Your first 10 minutes

Open the app, see your devices, apply an effect, dial in brightness, and save a profile — from zero to lit in under ten minutes.

This page is the opinionated golden path. It skips the deep-dive and gets your lights on fast. If something doesn’t behave as expected, Finding devices and Common issues have the details.

No hardware yet? Jump to the simulator path and come back to the device steps when you’re ready.


🔗Before you start

Hypercolor needs its daemon running before any client (app, TUI, CLI, web UI) can talk to it. The desktop app starts the daemon automatically. If you installed via the CLI only, start it manually:

hypercolor service start

Verify it’s up:

hypercolor status

You should see daemon version, uptime, and a device count. If you get a connection error, check that port 9420 is not in use by another process.

If you have OpenRGB, Aura Sync, or another RGB manager running, it may be holding your USB devices. Stop those tools first — two apps cannot share the same HID device.


🔗Step 1 — See your devices

🔗In the web UI or desktop app

Open a browser to http://localhost:9420, or use the desktop app. The Devices panel lists every device Hypercolor has discovered. Each entry shows the device name, driver, LED count, and connection status.

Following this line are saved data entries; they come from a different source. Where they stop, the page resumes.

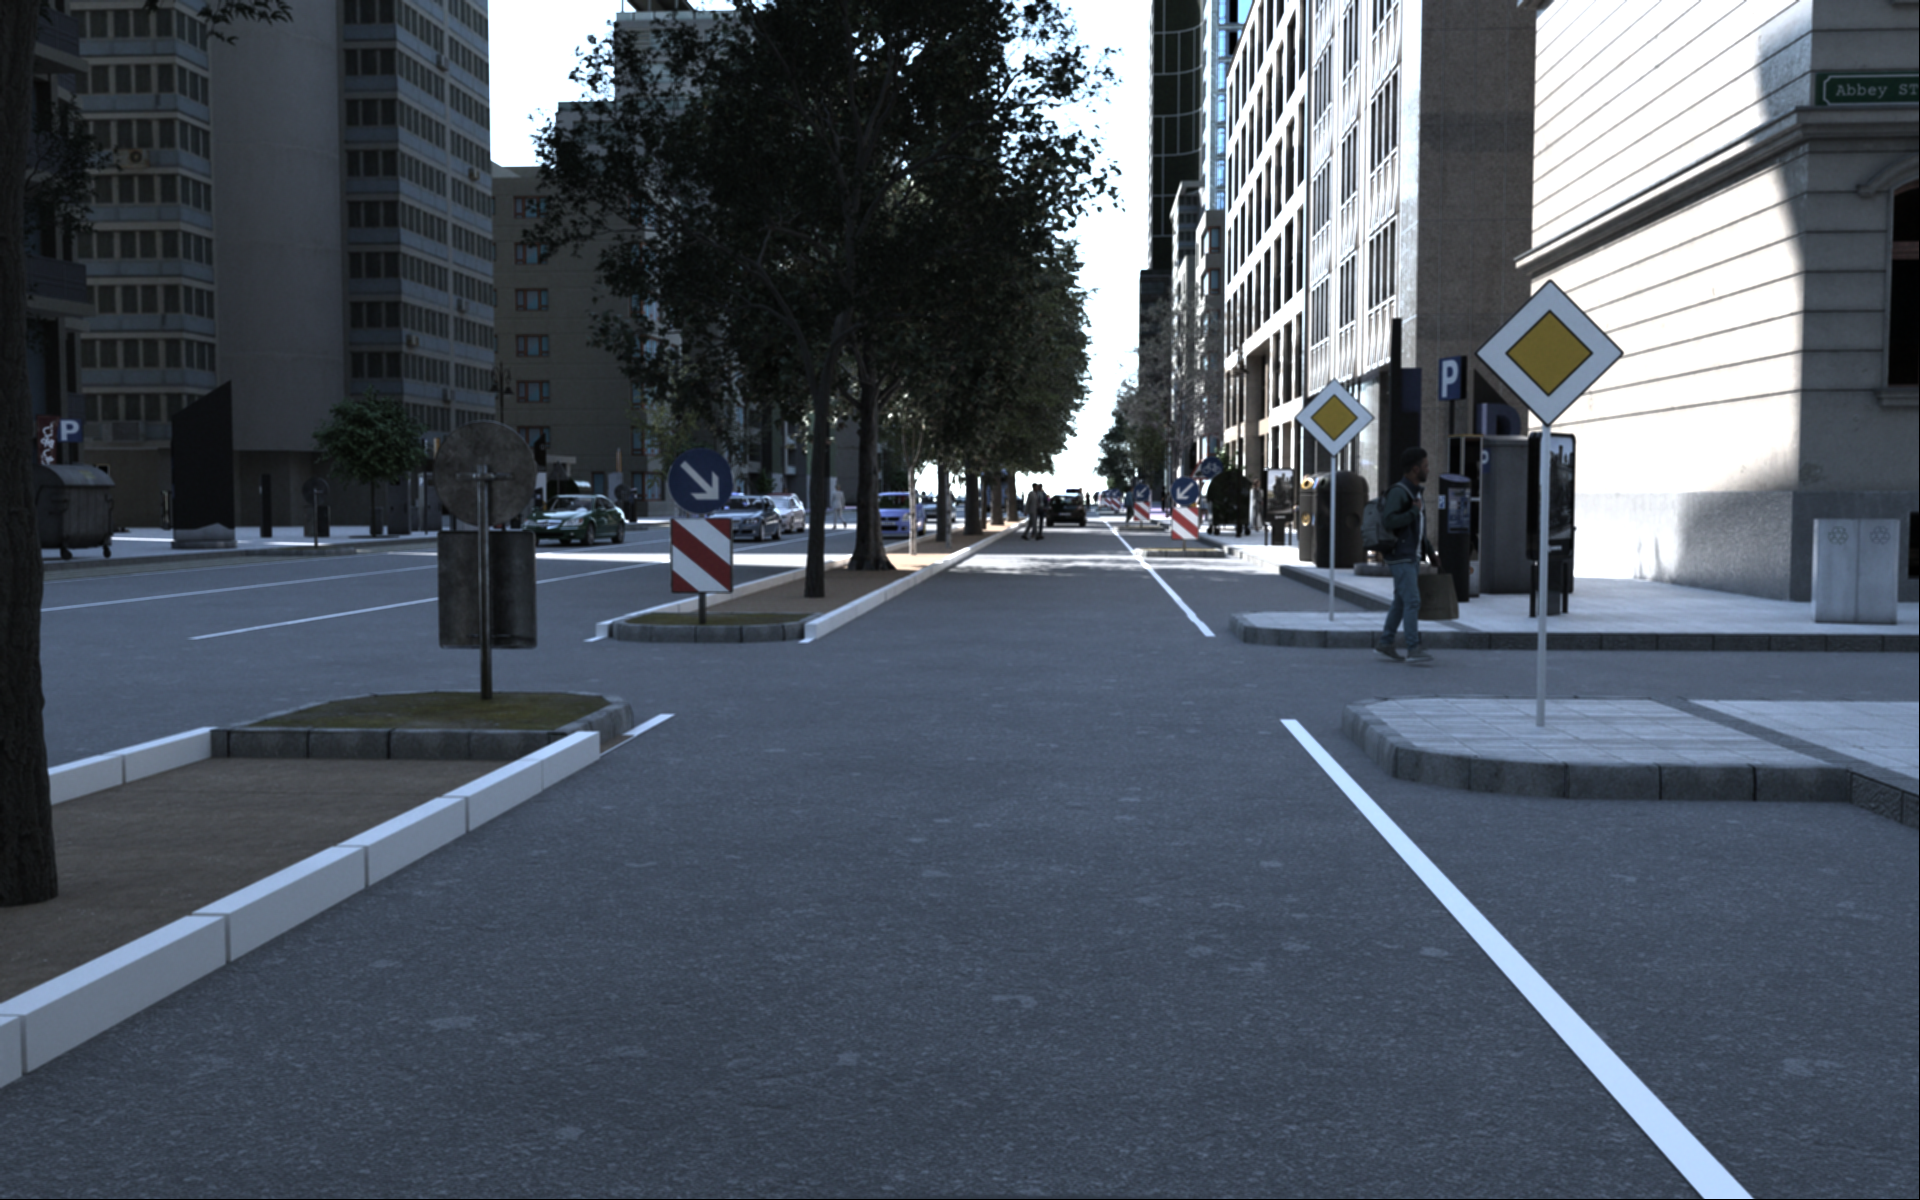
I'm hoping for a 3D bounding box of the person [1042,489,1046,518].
[{"bbox_3d":[5.088,-5.847,104.822,1.217,1.743,0.721,-2,4,-26],"label":"person"}]

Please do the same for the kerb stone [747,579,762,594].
[{"bbox_3d":[-3.039,-0.167,24.931,0.120,0.150,1.000,0,4,4],"label":"kerb stone"}]

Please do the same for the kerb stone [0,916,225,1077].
[{"bbox_3d":[-2.333,1.069,4.783,0.120,0.150,1.000,0,4,4],"label":"kerb stone"}]

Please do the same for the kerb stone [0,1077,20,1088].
[{"bbox_3d":[-2.402,1.127,3.763,0.120,0.150,1.000,0,4,4],"label":"kerb stone"}]

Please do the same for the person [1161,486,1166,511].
[{"bbox_3d":[15.208,-7.543,129.008,0.705,1.869,1.348,-1,4,-9],"label":"person"}]

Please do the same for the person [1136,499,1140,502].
[{"bbox_3d":[15.189,-8.660,147.264,1.348,1.869,0.705,1,4,17],"label":"person"}]

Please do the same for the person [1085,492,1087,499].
[{"bbox_3d":[17.668,-14.198,241.351,0.721,1.743,1.217,0,4,-3],"label":"person"}]

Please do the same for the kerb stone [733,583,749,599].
[{"bbox_3d":[-3.107,-0.103,23.908,0.120,0.150,1.000,0,4,4],"label":"kerb stone"}]

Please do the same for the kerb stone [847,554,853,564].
[{"bbox_3d":[-2.327,-0.792,35.144,0.120,0.150,1.000,0,4,4],"label":"kerb stone"}]

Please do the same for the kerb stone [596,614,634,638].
[{"bbox_3d":[-3.538,0.283,17.767,0.120,0.150,1.000,0,4,4],"label":"kerb stone"}]

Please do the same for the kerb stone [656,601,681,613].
[{"bbox_3d":[-3.400,0.146,19.817,0.120,0.150,1.000,0,4,4],"label":"kerb stone"}]

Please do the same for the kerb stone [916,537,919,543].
[{"bbox_3d":[-1.341,-1.666,49.473,0.120,0.150,1.000,0,4,4],"label":"kerb stone"}]

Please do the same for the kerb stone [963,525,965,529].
[{"bbox_3d":[0.007,-2.857,68.904,0.120,0.150,1.000,0,4,4],"label":"kerb stone"}]

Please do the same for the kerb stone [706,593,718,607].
[{"bbox_3d":[-3.248,0.025,21.860,0.120,0.150,1.000,0,4,4],"label":"kerb stone"}]

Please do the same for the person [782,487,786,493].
[{"bbox_3d":[-10.124,-5.584,99.812,1.348,1.822,0.705,-1,4,-19],"label":"person"}]

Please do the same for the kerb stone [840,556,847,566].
[{"bbox_3d":[-2.407,-0.730,34.124,0.120,0.150,1.000,0,4,4],"label":"kerb stone"}]

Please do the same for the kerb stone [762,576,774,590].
[{"bbox_3d":[-2.969,-0.229,25.955,0.120,0.150,1.000,0,4,4],"label":"kerb stone"}]

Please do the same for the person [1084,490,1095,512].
[{"bbox_3d":[10.550,-8.105,141.733,1.217,1.735,0.721,-3,4,-36],"label":"person"}]

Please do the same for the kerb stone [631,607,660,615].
[{"bbox_3d":[-3.459,0.208,18.788,0.120,0.150,1.000,0,4,4],"label":"kerb stone"}]

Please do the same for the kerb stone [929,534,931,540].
[{"bbox_3d":[-1.066,-1.916,53.561,0.120,0.150,1.000,0,4,4],"label":"kerb stone"}]

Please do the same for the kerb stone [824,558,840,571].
[{"bbox_3d":[-2.472,-0.663,33.102,0.120,0.150,1.000,0,4,4],"label":"kerb stone"}]

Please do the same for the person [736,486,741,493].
[{"bbox_3d":[-13.257,-6.002,104.699,0.721,1.766,1.217,-3,4,-38],"label":"person"}]

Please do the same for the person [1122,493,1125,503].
[{"bbox_3d":[22.843,-14.381,241.973,0.445,1.727,0.742,3,5,44],"label":"person"}]

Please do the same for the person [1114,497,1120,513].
[{"bbox_3d":[12.027,-7.573,132.980,0.621,1.740,0.551,-2,4,-25],"label":"person"}]

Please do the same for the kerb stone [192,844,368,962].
[{"bbox_3d":[-2.259,1.003,5.803,0.120,0.150,1.000,0,4,4],"label":"kerb stone"}]

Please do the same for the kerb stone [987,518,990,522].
[{"bbox_3d":[1.572,-4.231,91.383,0.120,0.150,1.000,0,4,4],"label":"kerb stone"}]

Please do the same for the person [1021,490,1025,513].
[{"bbox_3d":[4.893,-7.540,132.579,0.445,1.727,0.742,-2,4,-31],"label":"person"}]

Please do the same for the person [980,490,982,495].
[{"bbox_3d":[1.597,-6.176,110.205,0.721,1.743,1.217,0,4,-1],"label":"person"}]

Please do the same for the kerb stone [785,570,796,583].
[{"bbox_3d":[-2.829,-0.355,27.994,0.120,0.150,1.000,0,4,4],"label":"kerb stone"}]

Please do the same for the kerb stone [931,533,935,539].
[{"bbox_3d":[-0.984,-1.981,54.579,0.120,0.150,1.000,0,4,4],"label":"kerb stone"}]

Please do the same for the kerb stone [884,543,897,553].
[{"bbox_3d":[-1.761,-1.293,43.333,0.120,0.150,1.000,0,4,4],"label":"kerb stone"}]

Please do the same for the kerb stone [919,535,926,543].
[{"bbox_3d":[-1.192,-1.793,51.512,0.120,0.150,1.000,0,4,4],"label":"kerb stone"}]

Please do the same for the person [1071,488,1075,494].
[{"bbox_3d":[8.566,-7.543,131.453,0.705,1.869,1.348,-1,4,-17],"label":"person"}]

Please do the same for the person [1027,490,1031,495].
[{"bbox_3d":[6.236,-8.845,153.558,0.568,1.767,0.683,-1,4,-20],"label":"person"}]

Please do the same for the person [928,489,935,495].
[{"bbox_3d":[-2.280,-7.891,137.501,1.348,1.826,0.705,0,4,-2],"label":"person"}]

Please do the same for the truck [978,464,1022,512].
[{"bbox_3d":[3.481,-9.407,143.567,2.967,4.110,18.799,0,4,5],"label":"truck"}]

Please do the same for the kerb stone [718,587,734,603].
[{"bbox_3d":[-3.181,-0.039,22.880,0.120,0.150,1.000,0,4,4],"label":"kerb stone"}]

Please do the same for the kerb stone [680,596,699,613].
[{"bbox_3d":[-3.318,0.084,20.836,0.120,0.150,1.000,0,4,4],"label":"kerb stone"}]

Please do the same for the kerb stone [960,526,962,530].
[{"bbox_3d":[-0.133,-2.731,66.854,0.120,0.150,1.000,0,4,4],"label":"kerb stone"}]

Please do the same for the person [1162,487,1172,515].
[{"bbox_3d":[12.682,-5.976,103.773,0.705,1.821,1.348,-3,5,-43],"label":"person"}]

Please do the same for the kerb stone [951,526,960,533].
[{"bbox_3d":[-0.204,-2.662,65.834,0.120,0.150,1.000,0,4,4],"label":"kerb stone"}]

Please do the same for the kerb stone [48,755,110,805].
[{"bbox_3d":[-4.208,0.868,8.010,0.120,0.150,1.000,0,4,4],"label":"kerb stone"}]

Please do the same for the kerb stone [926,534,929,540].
[{"bbox_3d":[-1.126,-1.856,52.540,0.120,0.150,1.000,0,4,4],"label":"kerb stone"}]

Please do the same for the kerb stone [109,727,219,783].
[{"bbox_3d":[-4.135,0.805,9.031,0.120,0.150,1.000,0,4,4],"label":"kerb stone"}]

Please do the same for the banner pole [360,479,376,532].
[{"bbox_3d":[-20.102,-4.214,58.911,0.863,3.779,0.401,2,4,25],"label":"banner pole"}]

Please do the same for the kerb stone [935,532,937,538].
[{"bbox_3d":[-0.917,-2.039,55.606,0.120,0.150,1.000,0,4,4],"label":"kerb stone"}]

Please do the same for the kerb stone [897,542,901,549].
[{"bbox_3d":[-1.692,-1.355,44.355,0.120,0.150,1.000,0,4,4],"label":"kerb stone"}]

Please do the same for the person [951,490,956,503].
[{"bbox_3d":[-0.551,-7.425,130.448,0.434,1.755,0.990,2,4,35],"label":"person"}]

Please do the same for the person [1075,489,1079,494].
[{"bbox_3d":[10.442,-8.901,153.660,0.705,1.869,1.348,-3,5,-42],"label":"person"}]

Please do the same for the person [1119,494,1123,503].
[{"bbox_3d":[19.471,-12.420,208.982,0.599,1.838,0.709,-2,4,-34],"label":"person"}]

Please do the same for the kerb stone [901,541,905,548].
[{"bbox_3d":[-1.622,-1.418,45.382,0.120,0.150,1.000,0,4,4],"label":"kerb stone"}]

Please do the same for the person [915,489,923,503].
[{"bbox_3d":[-2.707,-5.995,107.246,1.217,1.736,0.721,1,4,22],"label":"person"}]

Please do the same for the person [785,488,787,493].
[{"bbox_3d":[-11.692,-6.728,116.853,0.445,1.727,0.742,-1,4,-22],"label":"person"}]

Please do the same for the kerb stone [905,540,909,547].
[{"bbox_3d":[-1.555,-1.473,46.408,0.120,0.150,1.000,0,4,4],"label":"kerb stone"}]

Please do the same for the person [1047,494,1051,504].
[{"bbox_3d":[4.797,-5.096,95.041,0.599,1.433,0.991,2,4,31],"label":"person"}]

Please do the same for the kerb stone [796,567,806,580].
[{"bbox_3d":[-2.752,-0.417,29.013,0.120,0.150,1.000,0,4,4],"label":"kerb stone"}]

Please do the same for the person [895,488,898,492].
[{"bbox_3d":[-4.891,-7.629,132.860,0.705,1.869,1.348,-1,4,-16],"label":"person"}]

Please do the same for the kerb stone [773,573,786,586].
[{"bbox_3d":[-2.899,-0.292,26.975,0.120,0.150,1.000,0,4,4],"label":"kerb stone"}]

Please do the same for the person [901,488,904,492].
[{"bbox_3d":[-3.622,-6.234,110.357,0.705,1.831,1.348,3,4,37],"label":"person"}]

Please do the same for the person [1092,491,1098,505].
[{"bbox_3d":[16.184,-12.126,207.315,0.990,1.755,0.434,3,5,39],"label":"person"}]

Device discovery in the Hypercolor web UI

If the list is empty, run a scan:

hypercolor devices discover

For network devices (WLED, Hue, Nanoleaf, Govee) add a timeout:

hypercolor devices discover --target wled --timeout 15

To flash a test pattern on a specific device so you can physically identify it:

hypercolor devices identify "Razer Huntsman"

The device name is fuzzy-matched, so close is usually close enough.

🔗In the CLI

hypercolor devices list

This prints a table with columns for Device, Driver, Route, LEDs, Status, and Firmware. If a device you expect is missing, see Devices not found.


🔗Step 2 — Apply an effect

🔗Browse available effects

hypercolor effects list

To filter by category or search by name:

hypercolor effects list --category ambient
hypercolor effects list --search borealis

To see only audio-reactive effects:

hypercolor effects list --audio

The Effects section covers every authoring path and the built-in library.

🔗Activate one

hypercolor effects activate borealis

Effect names are fuzzy-matched. The daemon applies the effect across all connected devices immediately.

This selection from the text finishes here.